[INPUT DATA — start]

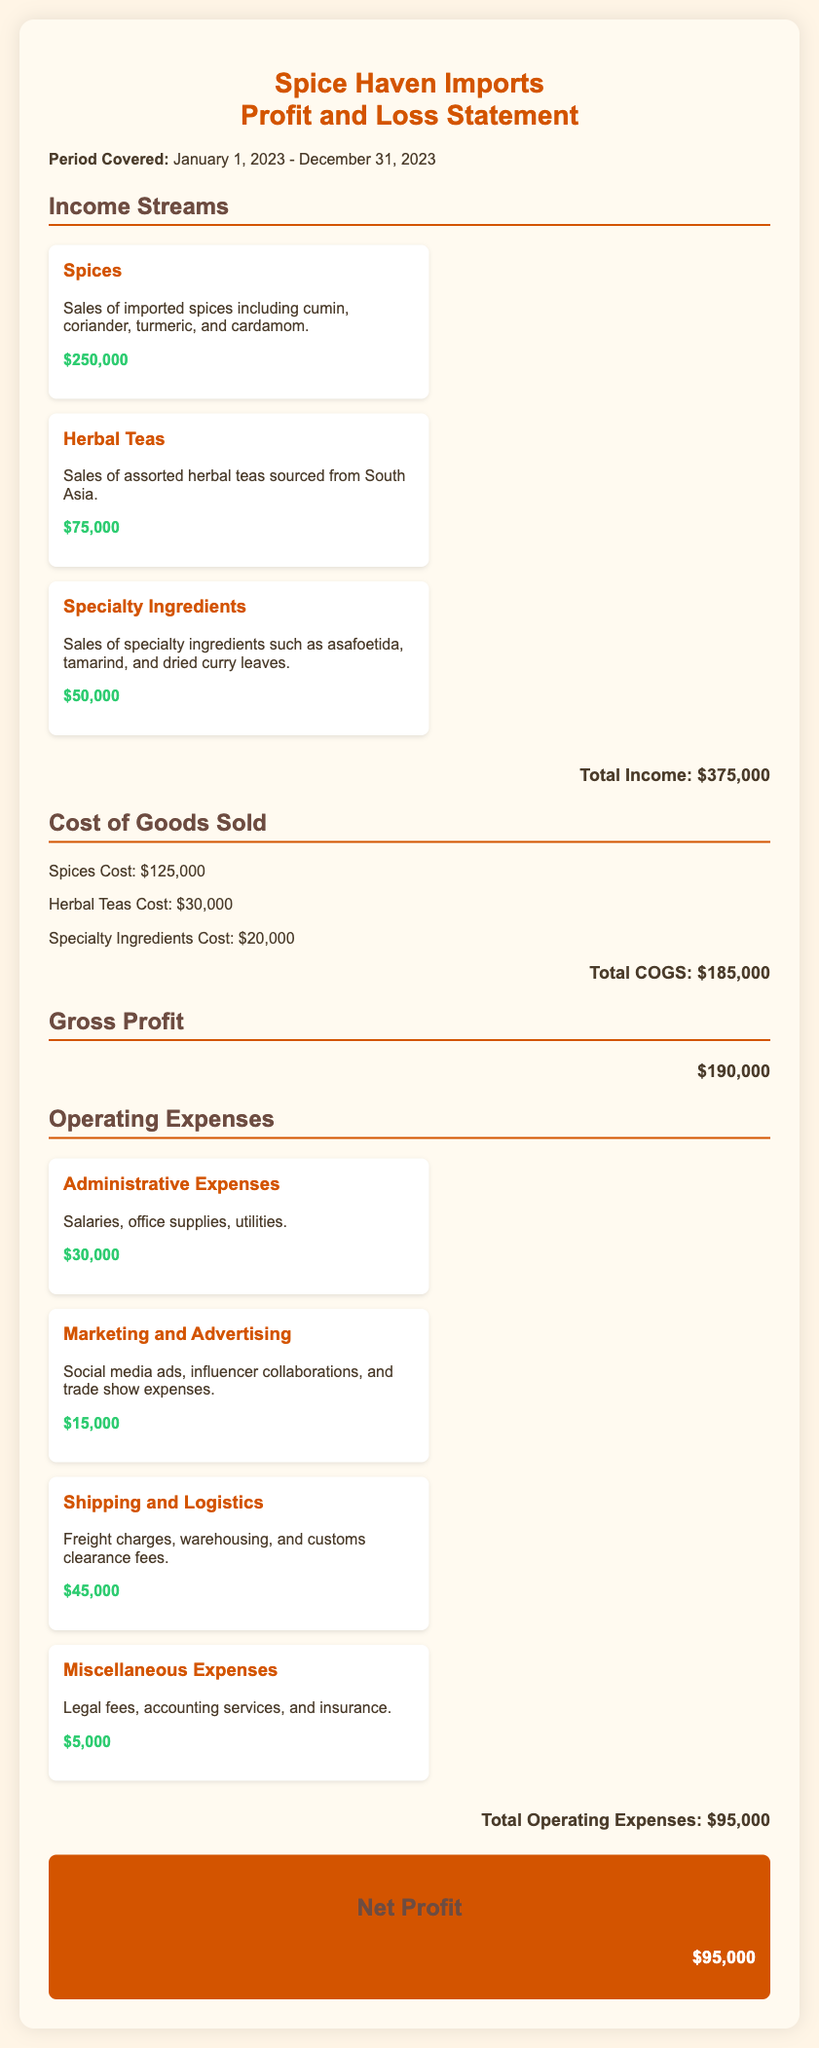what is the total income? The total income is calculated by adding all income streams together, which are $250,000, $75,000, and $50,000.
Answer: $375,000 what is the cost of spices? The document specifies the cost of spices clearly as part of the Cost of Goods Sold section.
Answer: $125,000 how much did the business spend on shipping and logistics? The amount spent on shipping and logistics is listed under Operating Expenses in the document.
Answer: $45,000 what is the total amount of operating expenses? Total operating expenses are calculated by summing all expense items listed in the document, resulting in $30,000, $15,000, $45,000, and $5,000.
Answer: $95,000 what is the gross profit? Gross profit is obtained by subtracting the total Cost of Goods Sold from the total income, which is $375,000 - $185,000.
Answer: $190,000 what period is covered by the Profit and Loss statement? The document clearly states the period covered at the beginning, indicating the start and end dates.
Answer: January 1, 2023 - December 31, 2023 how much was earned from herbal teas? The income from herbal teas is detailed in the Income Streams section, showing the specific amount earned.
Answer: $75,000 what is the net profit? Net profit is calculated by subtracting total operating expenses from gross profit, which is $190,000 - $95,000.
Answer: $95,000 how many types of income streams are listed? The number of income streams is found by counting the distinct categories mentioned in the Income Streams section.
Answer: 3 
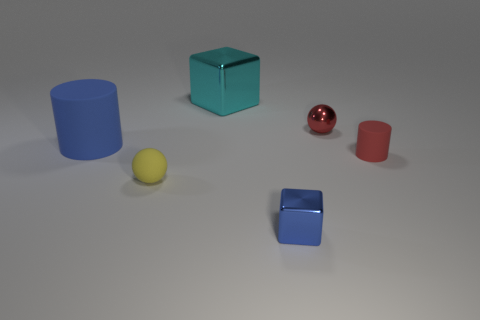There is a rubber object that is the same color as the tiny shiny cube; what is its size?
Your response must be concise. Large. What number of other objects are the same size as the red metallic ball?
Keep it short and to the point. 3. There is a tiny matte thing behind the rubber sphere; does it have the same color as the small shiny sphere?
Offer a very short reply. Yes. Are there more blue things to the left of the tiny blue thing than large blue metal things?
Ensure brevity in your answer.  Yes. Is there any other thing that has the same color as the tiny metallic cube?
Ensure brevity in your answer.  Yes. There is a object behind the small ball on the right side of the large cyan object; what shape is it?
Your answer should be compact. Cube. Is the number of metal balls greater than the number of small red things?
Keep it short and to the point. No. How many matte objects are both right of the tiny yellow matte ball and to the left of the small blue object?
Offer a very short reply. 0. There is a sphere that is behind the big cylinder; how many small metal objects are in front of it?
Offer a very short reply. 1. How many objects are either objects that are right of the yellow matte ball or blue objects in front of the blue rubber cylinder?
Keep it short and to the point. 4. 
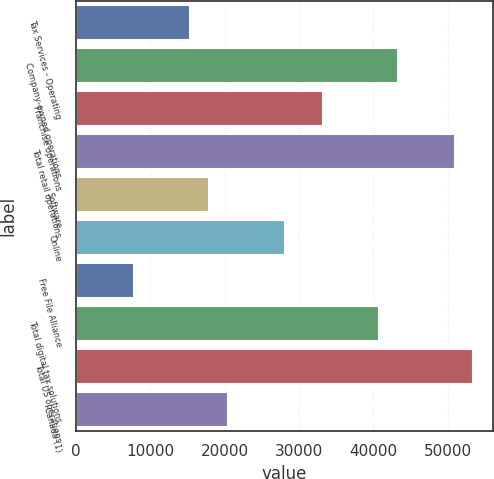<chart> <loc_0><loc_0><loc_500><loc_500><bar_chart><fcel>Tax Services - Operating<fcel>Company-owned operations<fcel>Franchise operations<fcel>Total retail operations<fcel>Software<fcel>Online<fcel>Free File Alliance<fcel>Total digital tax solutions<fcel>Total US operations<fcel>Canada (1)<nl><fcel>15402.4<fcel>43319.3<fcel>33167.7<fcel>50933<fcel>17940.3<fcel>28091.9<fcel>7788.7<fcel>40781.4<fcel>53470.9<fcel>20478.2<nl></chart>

[INPUT DATA — finish]
[INPUT DATA — start]

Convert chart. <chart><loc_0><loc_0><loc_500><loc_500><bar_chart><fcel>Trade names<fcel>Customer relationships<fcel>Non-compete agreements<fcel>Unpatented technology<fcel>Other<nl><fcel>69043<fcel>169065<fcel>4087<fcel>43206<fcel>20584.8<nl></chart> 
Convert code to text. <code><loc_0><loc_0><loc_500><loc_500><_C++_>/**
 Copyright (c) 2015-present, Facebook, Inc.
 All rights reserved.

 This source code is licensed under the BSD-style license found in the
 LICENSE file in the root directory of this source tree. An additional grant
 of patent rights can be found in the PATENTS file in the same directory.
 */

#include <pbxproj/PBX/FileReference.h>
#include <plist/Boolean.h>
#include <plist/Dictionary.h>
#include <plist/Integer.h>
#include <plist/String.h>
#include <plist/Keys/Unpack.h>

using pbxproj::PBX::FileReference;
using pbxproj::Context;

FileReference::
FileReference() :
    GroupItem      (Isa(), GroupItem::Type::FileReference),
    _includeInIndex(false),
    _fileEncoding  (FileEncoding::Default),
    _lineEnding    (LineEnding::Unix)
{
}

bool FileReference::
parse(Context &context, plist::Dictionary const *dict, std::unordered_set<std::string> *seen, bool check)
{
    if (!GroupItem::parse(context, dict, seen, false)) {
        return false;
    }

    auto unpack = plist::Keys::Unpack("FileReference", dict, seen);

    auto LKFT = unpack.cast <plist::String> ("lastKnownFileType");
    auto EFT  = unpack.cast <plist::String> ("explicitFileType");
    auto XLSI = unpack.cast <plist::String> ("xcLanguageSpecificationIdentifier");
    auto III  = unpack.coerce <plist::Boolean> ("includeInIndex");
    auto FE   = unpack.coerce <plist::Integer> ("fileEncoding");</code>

[INPUT DATA — finish]

— TASK TO COMPLETE —
What is needed is each line from the records with the word "point" in it.

— RESPONSE TO THE EXERCISE —
Keep it short and to the point. 3. There is a tiny matte thing behind the rubber sphere; does it have the same color as the small shiny sphere?
Keep it short and to the point. No. How many matte objects are both right of the tiny yellow matte ball and to the left of the small blue object?
Keep it short and to the point. 4. 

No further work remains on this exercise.